It is admitted that a plaint can be rejected under Order 7 rule 11 of the Civil Procedure Code, 1908 if the parties can show fulfillment of the conditions stipulated thereon for such rejection. The court of law while considering such application shall consider the plaint itself and on the basis of the same if the trial court is satisfied that a plaint can be rejected on fulfillment of the conditions stipulated in the provisions of law then the  court  of  law  has  the  authority  to  reject  the  plaint.  Admittedly, resjudicata is a ground for which a plaint can be rejected. However, in numerous decisions this court as well as our apex court also came to a conclusion that resjudicata being an issue relates to the mixed question of fact and law which requires further evidence to establish the question of resjudicata. Most of the cases the court of law discourages rejection of plaint fully on the question of resjudicata without further investigation. Obviously, in exceptional cases it cannot be said that the court of law has no authority to reject a plaint on question of resjudicata. Order 7 rule 11 of the Civil Procedure Code, 1908 has given ample power to the court of law to see whether the continuation of the suit is at all necessary if the party can show the fulfillment of any one or other conditions.

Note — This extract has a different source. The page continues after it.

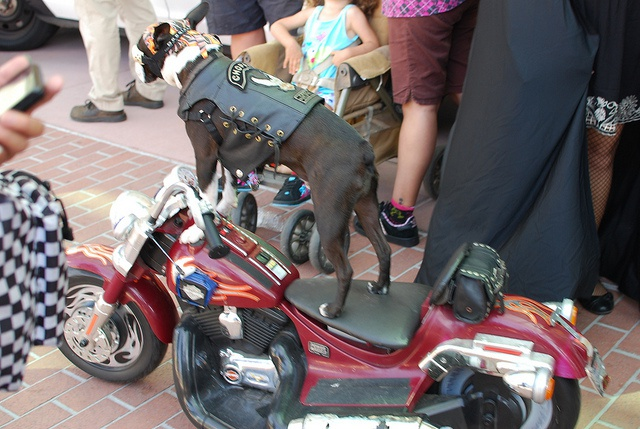Describe the objects in this image and their specific colors. I can see motorcycle in darkgray, gray, black, and white tones, people in darkgray and black tones, dog in darkgray, gray, black, and white tones, people in darkgray, black, maroon, brown, and tan tones, and people in darkgray, lightgray, and gray tones in this image. 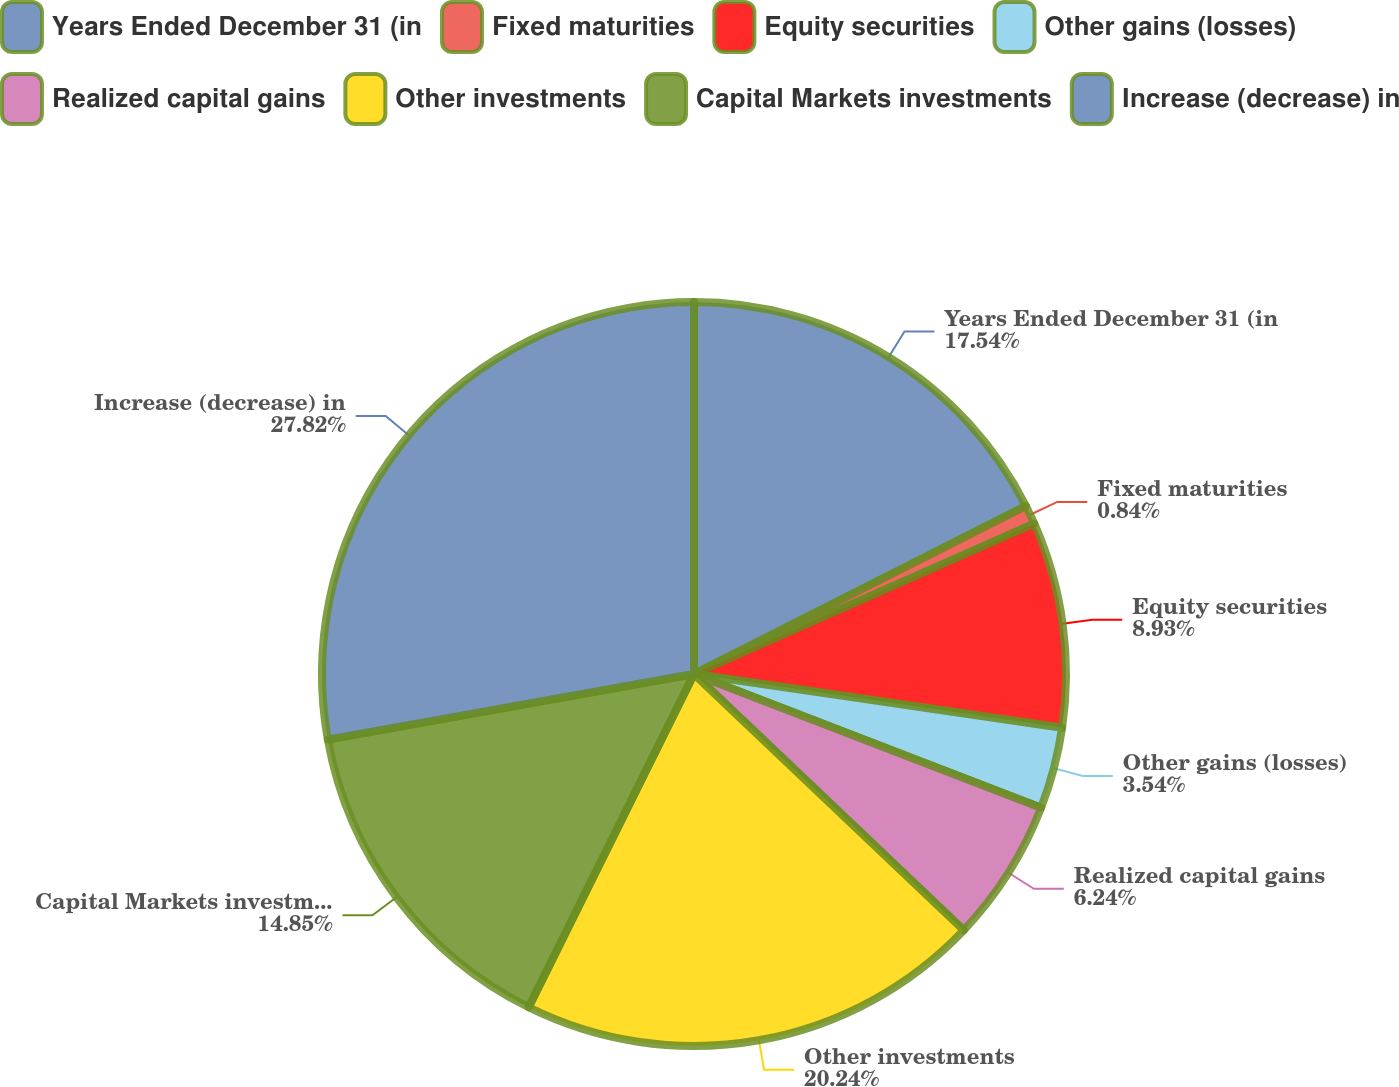<chart> <loc_0><loc_0><loc_500><loc_500><pie_chart><fcel>Years Ended December 31 (in<fcel>Fixed maturities<fcel>Equity securities<fcel>Other gains (losses)<fcel>Realized capital gains<fcel>Other investments<fcel>Capital Markets investments<fcel>Increase (decrease) in<nl><fcel>17.54%<fcel>0.84%<fcel>8.93%<fcel>3.54%<fcel>6.24%<fcel>20.24%<fcel>14.85%<fcel>27.82%<nl></chart>

In the present case in  hand the petitioner  no doubt  raises  the question of resjudicata. So, it transpires from the papers and documents that the party in the present suit instituted Title Suit No. 253 of 1986 which was re-numbered as Title Suit No. 82 of 1990  relates to .36 decimals of land appertaining to C.S. Khatian No. 877 and C.S. Plot No. 3999. So, it is very much clear from the language of the plaint and other aspects that the said Khatian and Dag contained .36 decimals of land. Admittedly,  in  the  previous  suit  the  plaintiff  prayed  for  simple declaration of title. But on perusal of the counter-affidavit, it transpires that since the petitioner-plaintiffs were dispossessed from 9 decimals of land they made application for amendment for recovery of possession of 9 decimals of land. I have also perused the judgment and order passed by the High Court Division in Civil Revision No. 885 of 2004 and also the judgment and decree passed by both the courts below in the previous suits.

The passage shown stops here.